Five Other North American Cities Make the List

Besides Vancouver and Toronto, five other cities in North America are also at risk for a potential housing crash:

  • San Francisco (bubble index score: 1.15)
  • Los Angeles (0.99)
  • New York City (0.5)
  • Boston (0.36)
  • Chicago (-0.77)

San Francisco is the third city in North America at risk for a real estate bubble. The prices here were driven higher as the city became home to Silicon Valley and big tech. Conversely, Chicago is the only undervalued market that made the list. The city could experience a market slump due to stagnant employment growth and declining population.

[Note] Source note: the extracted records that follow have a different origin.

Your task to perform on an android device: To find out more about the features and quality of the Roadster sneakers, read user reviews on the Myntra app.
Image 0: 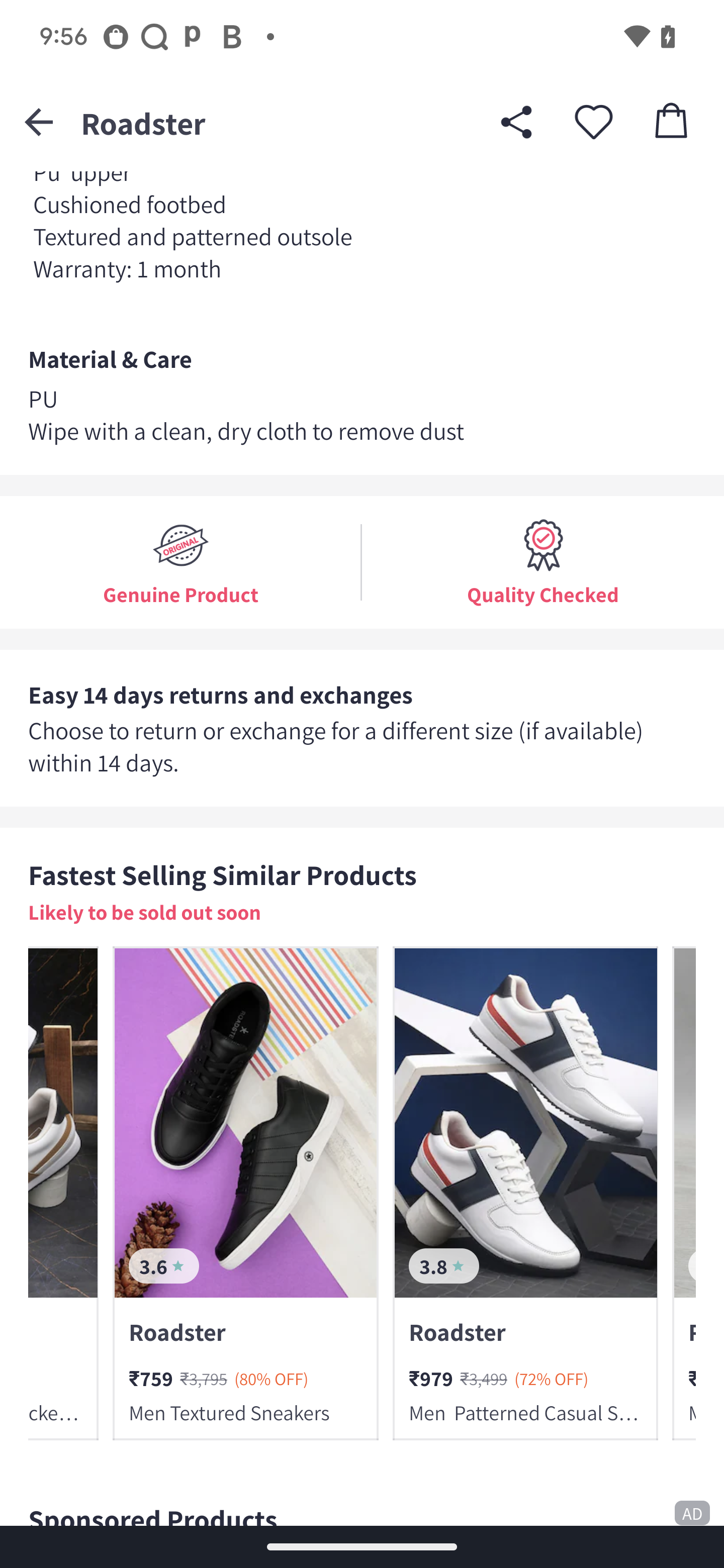
Swipe up on the screen to view user comments 
Step 0: scroll down
Image 1: 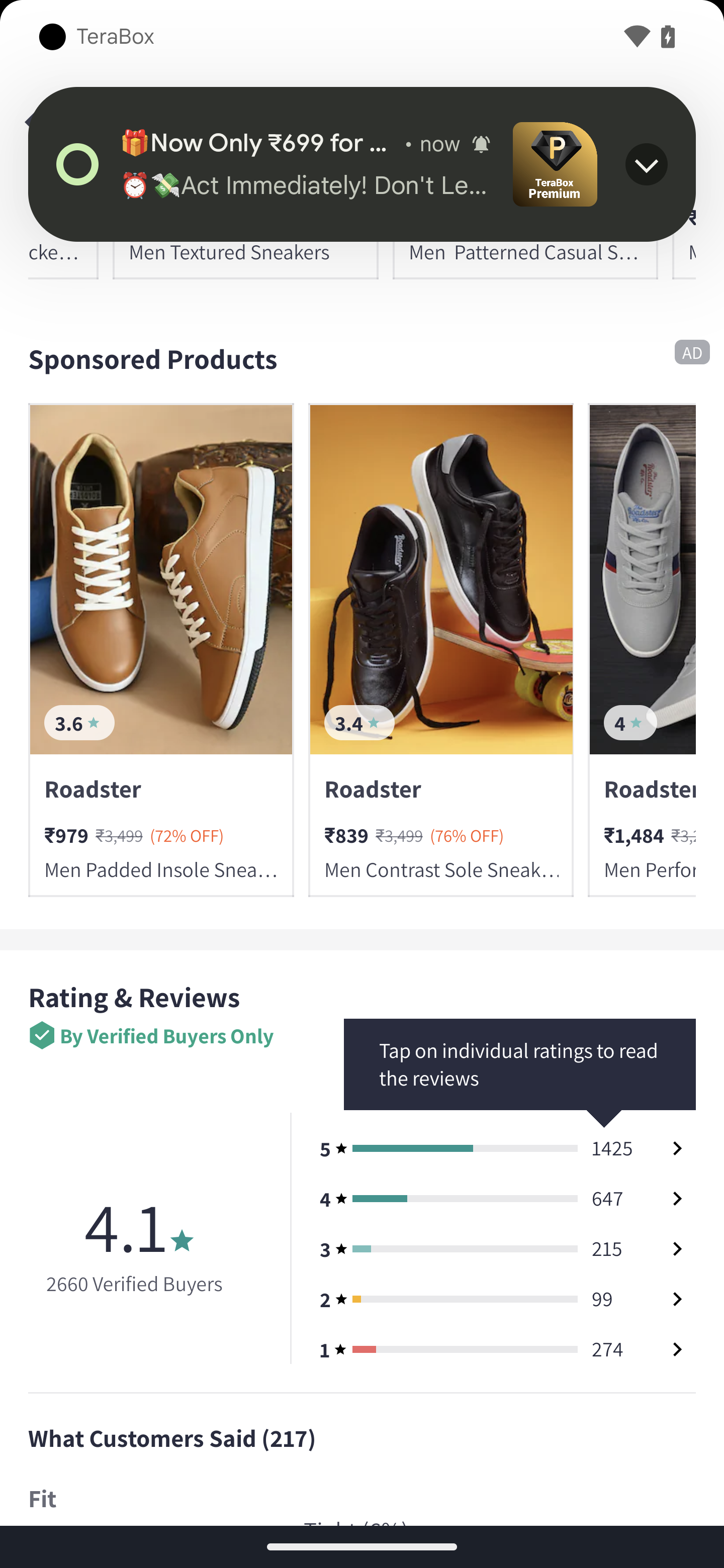
Swipe up on the screen to view user comments 
Step 1: scroll down

Vancouver and these six other cities in North America might be headed for real estate crashes if their situations don’t improve. However, there are various measures that can be taken to prevent a housing bubble. It remains to be seen how these markets will evolve in time.

One Comment

  • Anthony Maw says:

    The question is the sustainability of the capital money source funding the housing bubble. Vancouver and Toronto’s housing bubble, but not so other Canadian cities, was largely driven by China money as wealthy Chinese looked to park money offshore since in China ownership of private property real estate is not allowed under their Communist system. As the Chinese economy grew in the last two decades since China was admitted to the World Trade Organization rich Chinese started buying up homes in Australia, New Zealand and United States in addition to Canada, targeting specific cities and pumping up real estate valuations. Early on, Australia passed legislation restricting foreign real estate buyers and Canada has been late to realize the adverse effects of allowing offshore earned capital to compete for homes against wage-earning local citizens. That’s the real problem in Canada.